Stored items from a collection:
:::::

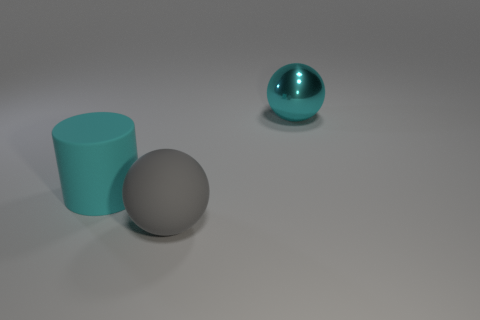Subtract all yellow spheres. Subtract all yellow cylinders. How many spheres are left? 2 Add 3 small purple matte spheres. How many objects exist? 6 Subtract all cylinders. How many objects are left? 2 Subtract 1 gray spheres. How many objects are left? 2 Subtract all large cyan objects. Subtract all big matte spheres. How many objects are left? 0 Add 1 big gray balls. How many big gray balls are left? 2 Add 3 large cyan cylinders. How many large cyan cylinders exist? 4 
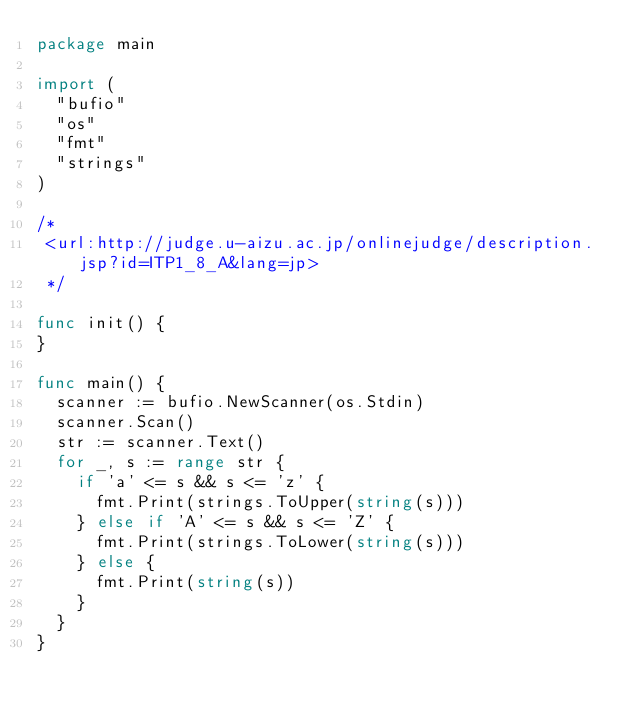<code> <loc_0><loc_0><loc_500><loc_500><_Go_>package main

import (
	"bufio"
	"os"
	"fmt"
	"strings"
)

/*
 <url:http://judge.u-aizu.ac.jp/onlinejudge/description.jsp?id=ITP1_8_A&lang=jp>
 */

func init() {
}

func main() {
	scanner := bufio.NewScanner(os.Stdin)
	scanner.Scan()
	str := scanner.Text()
	for _, s := range str {
		if 'a' <= s && s <= 'z' {
			fmt.Print(strings.ToUpper(string(s)))
		} else if 'A' <= s && s <= 'Z' {
			fmt.Print(strings.ToLower(string(s)))
		} else {
			fmt.Print(string(s))
		}
	}
}</code> 
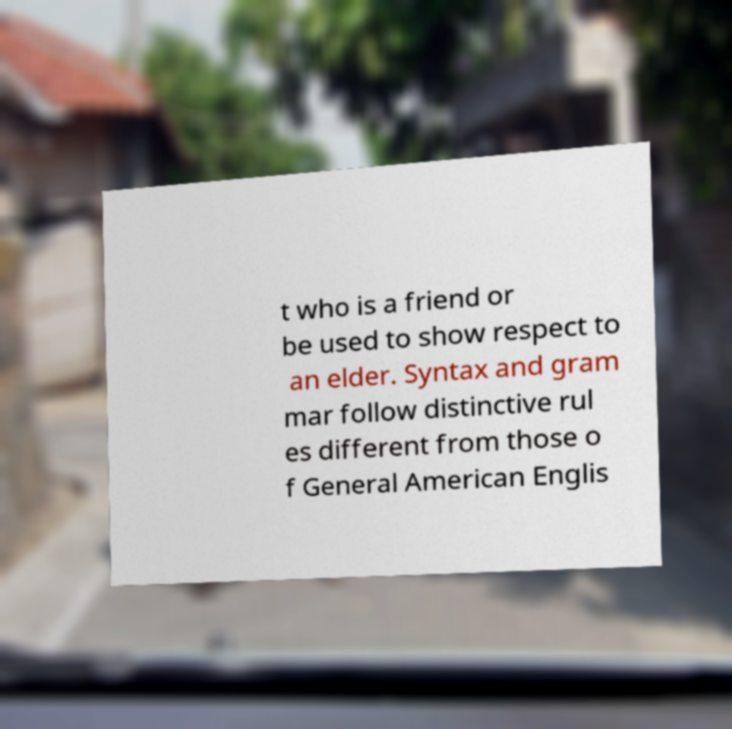There's text embedded in this image that I need extracted. Can you transcribe it verbatim? t who is a friend or be used to show respect to an elder. Syntax and gram mar follow distinctive rul es different from those o f General American Englis

:::::

Exercise details →
In the entries above, which lines hold the string "scanner"? Report all of them.

The completed task →
	scanner := bufio.NewScanner(os.Stdin)
	scanner.Scan()
	str := scanner.Text()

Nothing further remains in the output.